Первым ему встретился Сворень. Весело закричал:
— Тимка, ну как погулял? Что так рано вернулся?
— Да ничего погулял… Ты не читал сегодняшнюю газету? Очень тревожно на КВЖД… Неужели все-таки дело дойдет до войны?
— А! Какая там может быть война! — пренебрежительно махнул рукой Сворень. — Давнем разок, если понадобится, и от бандитов останется одно мокрое место! Ну, а как там Надежда моя? Ты ей отдал записку? Хорошо погостил вместо меня?
— Записку я отдал, конечно. А вообще — сказал правду…
— Та-ак… Ну и товарищ ты оказался… — Сворень отступил, жестким взглядом смерил Тимофея. — Значит, выставил меня на смех, на позор. А для чего? Кто тебя за язык тянул?
— Ты не предупредил меня, получилось нечаянно.
— Соображать надо! Взял бы да прочитал мою записку.
— Нет, это занятие не для меня: чужих писем не читаю. А если уж говорить начистоту, так, знай я, о чем ты написал в записке, не пошел бы к Надежде. Потому что не я выставил тебя на смех и позор, а ты сам это сделал.

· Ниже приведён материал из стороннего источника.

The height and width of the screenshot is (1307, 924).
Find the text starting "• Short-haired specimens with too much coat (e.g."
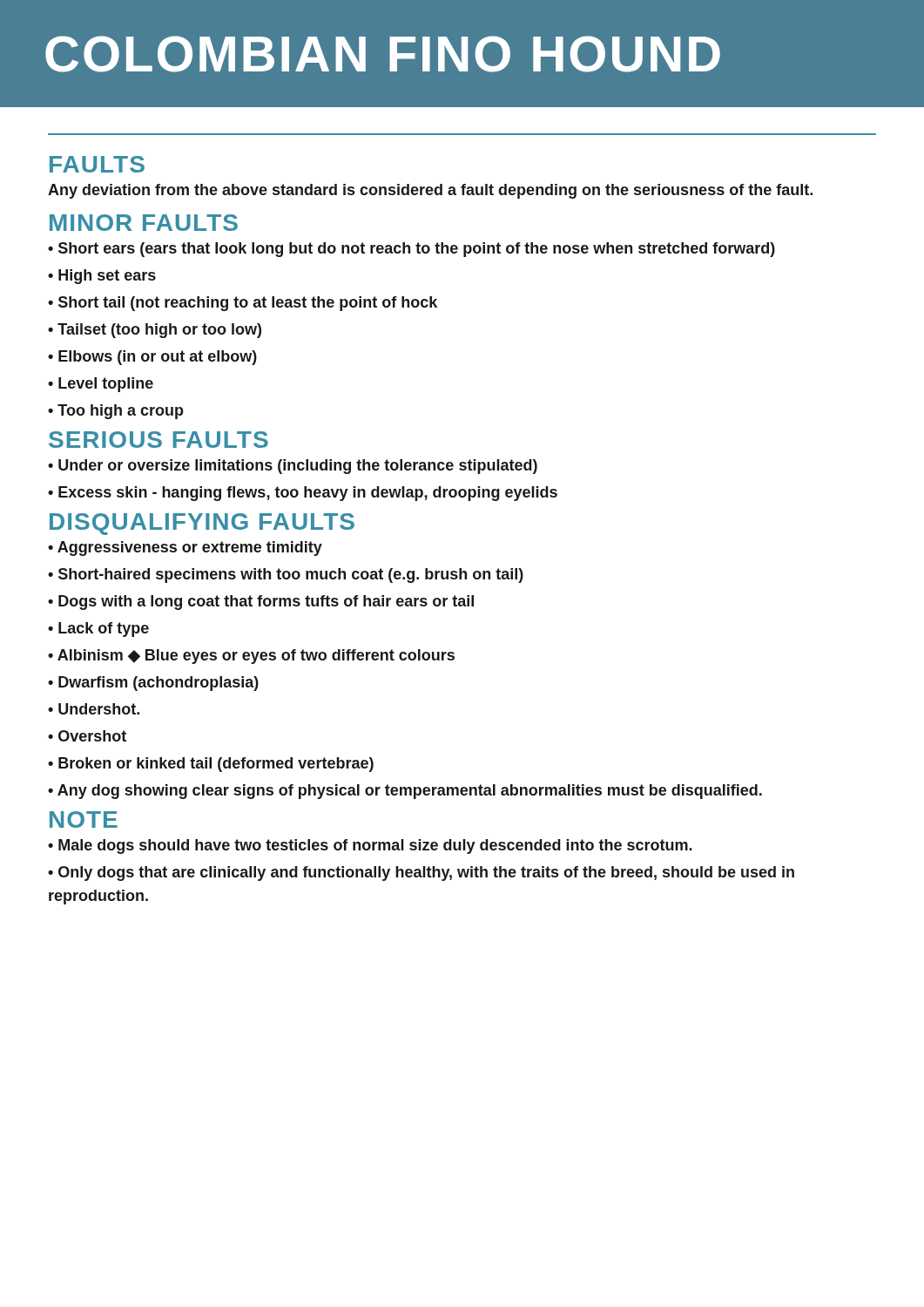[x=462, y=575]

Сворень натянуто засмеялся:
— Я было подумал, что ты за правду — горой. А выходит, обо мне позаботился. Хороша забота!
— Да! И о тебе я заботился. А за правду я всегда горой.
— Ну, добро, — после короткого молчания сказал Сворень. — Все ясно. Теперь ты показал себя как есть, со всех сторон.
Они не поссорились крупно. А все же снова наступила полоса взаимной отчужденности, холодности. Длинная и тягостная полоса.
17
Весна по Москве шла полным ходом, удивительно быстрая и дружная. Ручьями с крыш лилась вода, образуя по утрам прозрачные рубчатые сосульки. Из дворов змеились на мостовую целые реки. Через Трубную площадь, на которой частенько приходилось бывать Тимофею, пешком перебраться было совсем невозможно, трамваи плыли по ней, словно корабли.
К середине апреля земля, даже на бульварах, стала помаленьку обсыхать, теплый ветер приносил с Москвы-реки какой-то свой, особый аромат — рыбы и мокрого камня. Белесые ветви молодых тополей жадно тянулись вверх, к солнцу.